Institute of Translational Medicine, Medical College, Yangzhou University, Yangzhou, 225009, P.R. China.
Institute of Photomedicine, Shanghai Skin Disease Hospital, Tongji University School of Medicine, Shanghai, 200443, P.R. China.
Anticancer Agents Med Chem. 2023;23(13):1596-1604. doi: 10.2174/1871520623666230413130417.
Hook F provided the source of the first diterpenoid triepoxide lactone, Triptolide, identified as the primary constituent causing the anticancer activity. So far, it has not been reported whether triptolide has a therapeutic effect on cutaneous squamous cell carcinoma (cSCC).
This study investigates the triptolide's therapeutic impact on cSCC both in vitro and in vivo and investigates the triptolide's potential involvement in signaling pathways.
The CCK-8 assays, wound healing assays, and colony formation assays were used to assess the effects of triptolide on the proliferation and migration of cSCC cells. The alteration in gene expression following triptolide treatment was shown by RNA sequencing. Flow cytometry was then applied to evaluate cell apoptosis. Western blot was used to find the associated proteins' expressions. The effectiveness of triptolide was then evaluated in vivo using a xenograft model, and histological staining was employed to determine the visceral toxicity.

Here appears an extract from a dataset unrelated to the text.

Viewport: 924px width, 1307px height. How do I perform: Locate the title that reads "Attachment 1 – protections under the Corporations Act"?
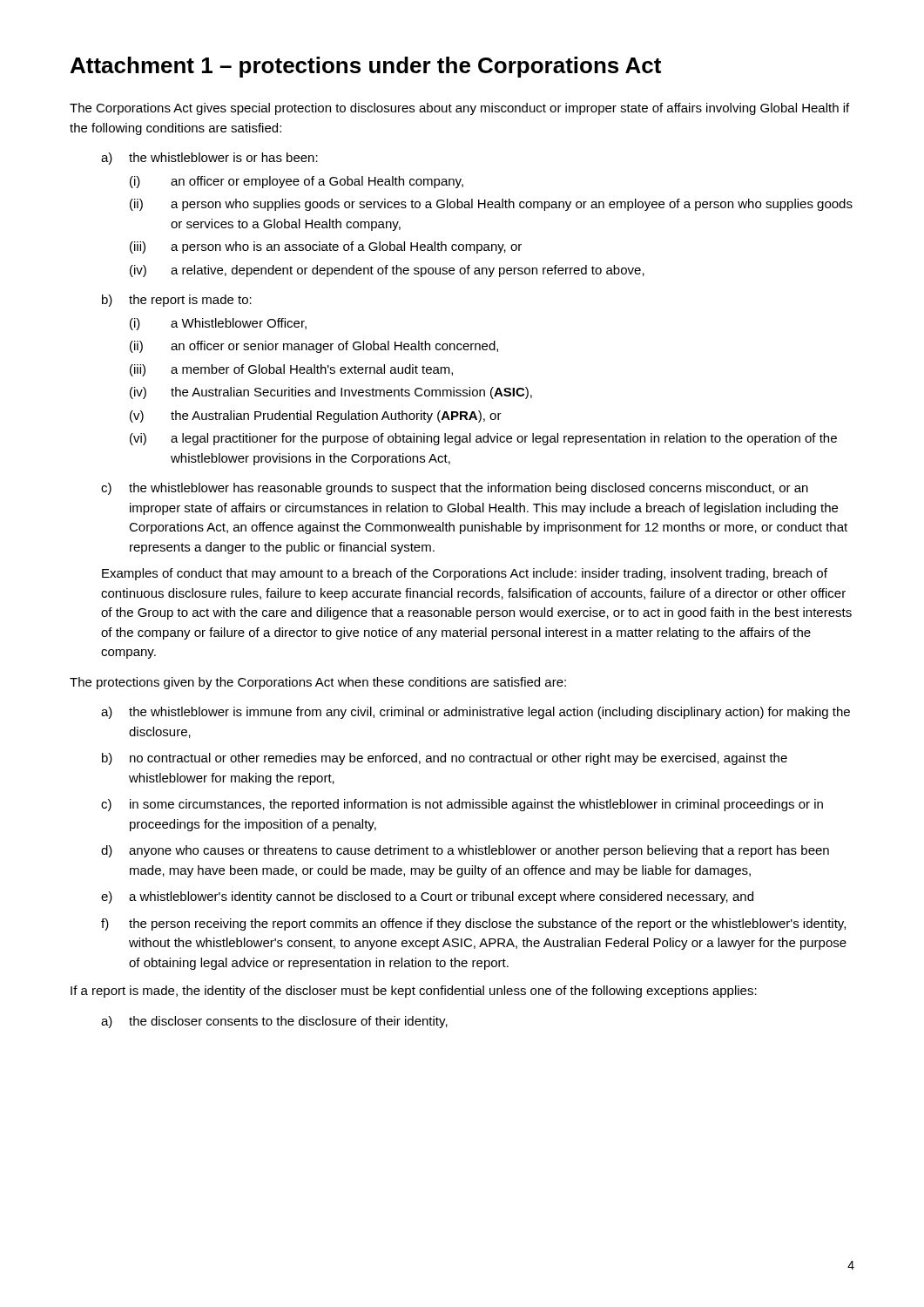[462, 66]
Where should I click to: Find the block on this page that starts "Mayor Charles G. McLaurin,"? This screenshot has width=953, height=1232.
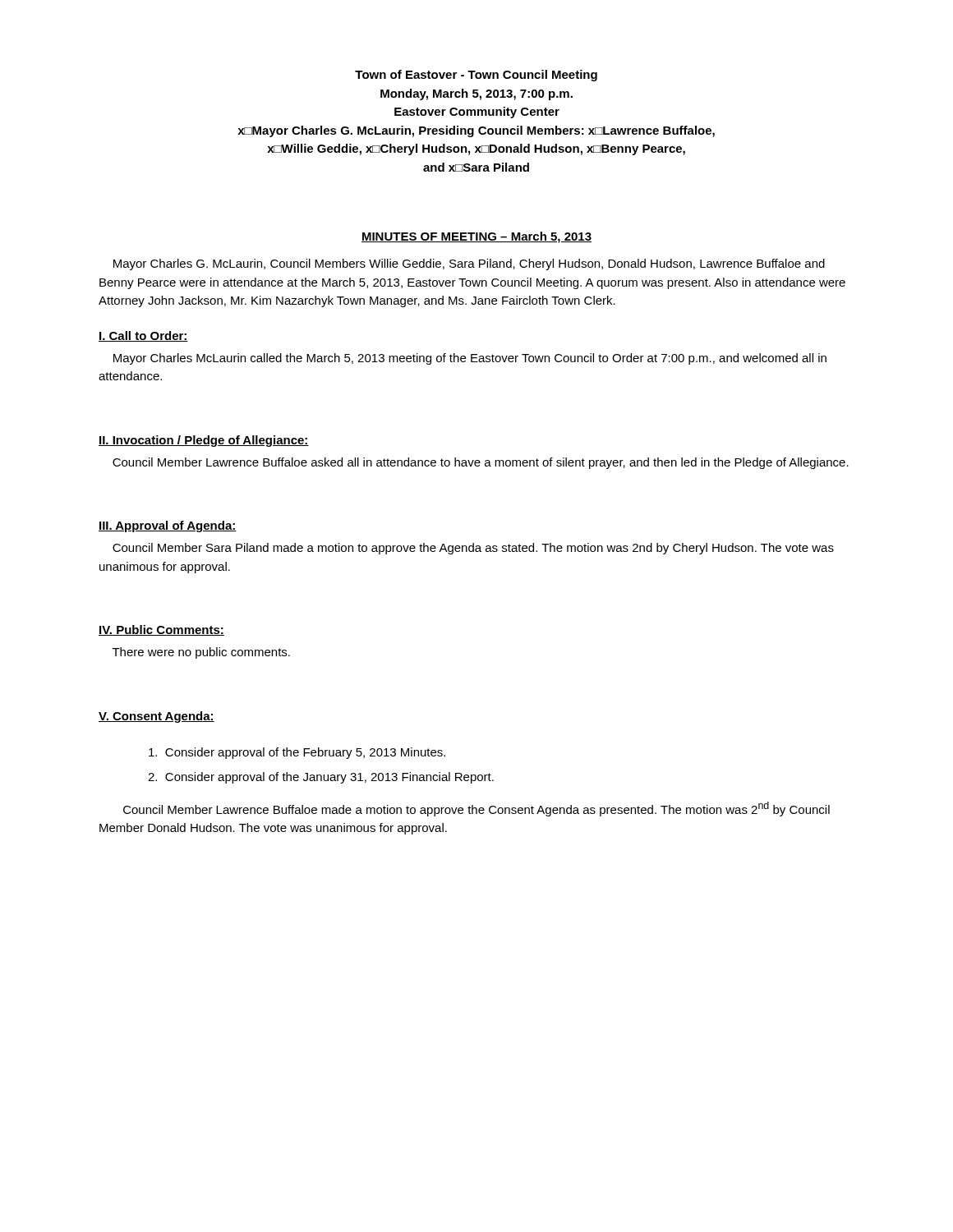[472, 282]

Triptolide greatly reduces the migratory and proliferative capacity of cSCC cells. Triptolide dramatically decreased cell viability and migration in the A431 and SCL-1 cells compared to the control group, according to the CCK8 assay, wound healing assay, and colony formation assay. Flow cytometry demonstrated that treatment with 10- 40 nM triptolide increased apoptosis in a concentration-dependent manner, with a statistically significant difference. Furthermore, mice given triptolide had smaller tumor sizes than those in the control group. Triptolide treatment drastically altered the expression of autophagic and apoptotic proteins. The considerable reduction in the proteins Akt and mTOR levels further illustrated the critical function of triptolide in cSCC.
Triptolide caused cSCC cells to engage in autophagy and apoptosis by inhibiting the Akt/mTOR signaling pathways. Triptolide may be a possible antitumor agent for the treatment of cSCC.
钩藤提供了第一个二萜三环氧内酯,雷公藤内酯,被鉴定为具有抗癌活性的主要成分的来源。到目前为止,还没有报道雷公藤内酯是否对皮肤鳞状细胞癌(cSCC)有治疗作用。
本研究探讨雷公藤内酯对 cSCC 的体内外治疗作用,并探讨雷公藤内酯在信号通路中的潜在作用。
用 CCK-8 法、划痕愈合实验和集落形成实验评估雷公藤内酯对 cSCC 细胞增殖和迁移的影响。用 RNA 测序显示雷公藤内酯处理后基因表达的变化。然后用流式细胞术评估细胞凋亡。用 Western blot 检测相关蛋白的表达。用异种移植模型评价雷公藤内酯的疗效,并进行组织学染色以确定内脏毒性。
雷公藤内酯显著降低 cSCC 细胞的迁移和增殖能力。与对照组相比,CCK8 法、划痕愈合实验和集落形成实验显示,雷公藤内酯显著降低 A431 和 SCL-1 细胞的细胞活力和迁移。流式细胞术表明,用 10-40 nM 雷公藤内酯处理可呈浓度依赖性增加细胞凋亡,差异有统计学意义。此外,与对照组相比,给予雷公藤内酯的小鼠肿瘤体积更小。雷公藤内酯处理显著改变自噬和凋亡蛋白的表达。蛋白 Akt 和 mTOR 水平的显著降低进一步说明了雷公藤内酯在 cSCC 中的关键作用。
雷公藤内酯通过抑制 Akt/mTOR 信号通路使 cSCC 细胞发生自噬和凋亡。雷公藤内酯可能是治疗 cSCC 的一种潜在抗肿瘤药物。